» EXERCISE INSTRUCTIONS
Set down the whole listing below exactly, without pictures.

/---

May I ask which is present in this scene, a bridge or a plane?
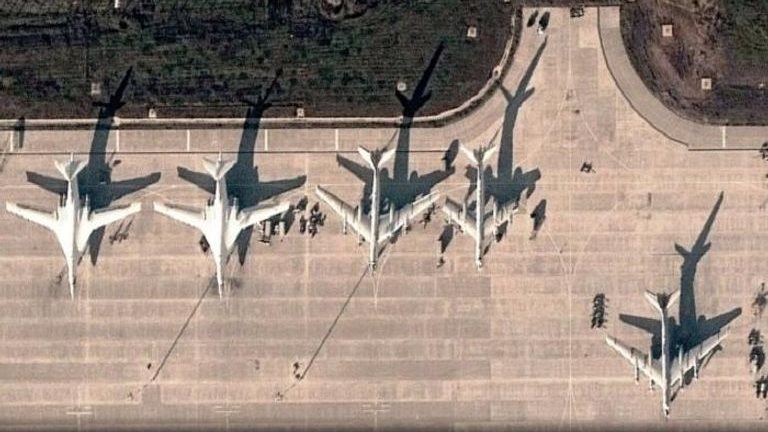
plane
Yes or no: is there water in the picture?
No
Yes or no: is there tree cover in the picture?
No
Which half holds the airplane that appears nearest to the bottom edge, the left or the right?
right
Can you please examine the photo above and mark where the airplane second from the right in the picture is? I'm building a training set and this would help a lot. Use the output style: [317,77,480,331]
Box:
[442,142,519,272]
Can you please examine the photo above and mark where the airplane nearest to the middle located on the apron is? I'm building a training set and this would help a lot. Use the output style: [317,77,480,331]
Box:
[315,142,438,277]
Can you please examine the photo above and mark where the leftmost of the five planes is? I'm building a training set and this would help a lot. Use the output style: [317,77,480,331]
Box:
[5,151,137,298]
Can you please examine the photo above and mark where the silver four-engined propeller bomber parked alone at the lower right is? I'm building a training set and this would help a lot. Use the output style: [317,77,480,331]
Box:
[603,287,726,418]
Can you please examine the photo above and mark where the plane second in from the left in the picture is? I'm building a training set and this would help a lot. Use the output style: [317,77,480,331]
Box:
[154,152,286,300]
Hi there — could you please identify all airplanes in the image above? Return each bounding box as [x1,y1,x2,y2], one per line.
[154,152,286,300]
[603,287,726,418]
[442,142,519,272]
[315,142,438,277]
[5,151,137,298]
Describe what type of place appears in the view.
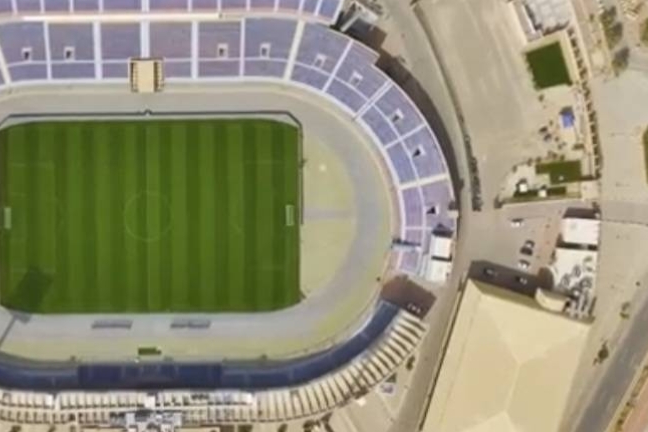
sports ground
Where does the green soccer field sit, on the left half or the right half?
left
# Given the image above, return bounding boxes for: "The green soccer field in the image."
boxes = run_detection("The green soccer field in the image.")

\---

» SOLUTION TO THE PROBLEM
May I ask which is present in this scene, a bridge or a plane?
plane
Yes or no: is there water in the picture?
No
Yes or no: is there tree cover in the picture?
No
Which half holds the airplane that appears nearest to the bottom edge, the left or the right?
right
Can you please examine the photo above and mark where the airplane second from the right in the picture is? I'm building a training set and this would help a lot. Use the output style: [317,77,480,331]
Box:
[442,142,519,272]
Can you please examine the photo above and mark where the airplane nearest to the middle located on the apron is? I'm building a training set and this would help a lot. Use the output style: [317,77,480,331]
Box:
[315,142,438,277]
Can you please examine the photo above and mark where the leftmost of the five planes is? I'm building a training set and this would help a lot. Use the output style: [317,77,480,331]
Box:
[5,151,137,298]
Can you please examine the photo above and mark where the silver four-engined propeller bomber parked alone at the lower right is? I'm building a training set and this would help a lot. Use the output style: [317,77,480,331]
Box:
[603,287,726,418]
Can you please examine the photo above and mark where the plane second in from the left in the picture is? I'm building a training set and this would help a lot. Use the output style: [317,77,480,331]
Box:
[154,152,286,300]
Hi there — could you please identify all airplanes in the image above? Return each bounding box as [x1,y1,x2,y2], one per line.
[154,152,286,300]
[603,287,726,418]
[442,142,519,272]
[315,142,438,277]
[5,151,137,298]
Describe what type of place appears in the view.
sports ground
Where does the green soccer field sit, on the left half or the right half?
left
# Given the image above, return bounding boxes for: "The green soccer field in the image."
boxes = run_detection("The green soccer field in the image.")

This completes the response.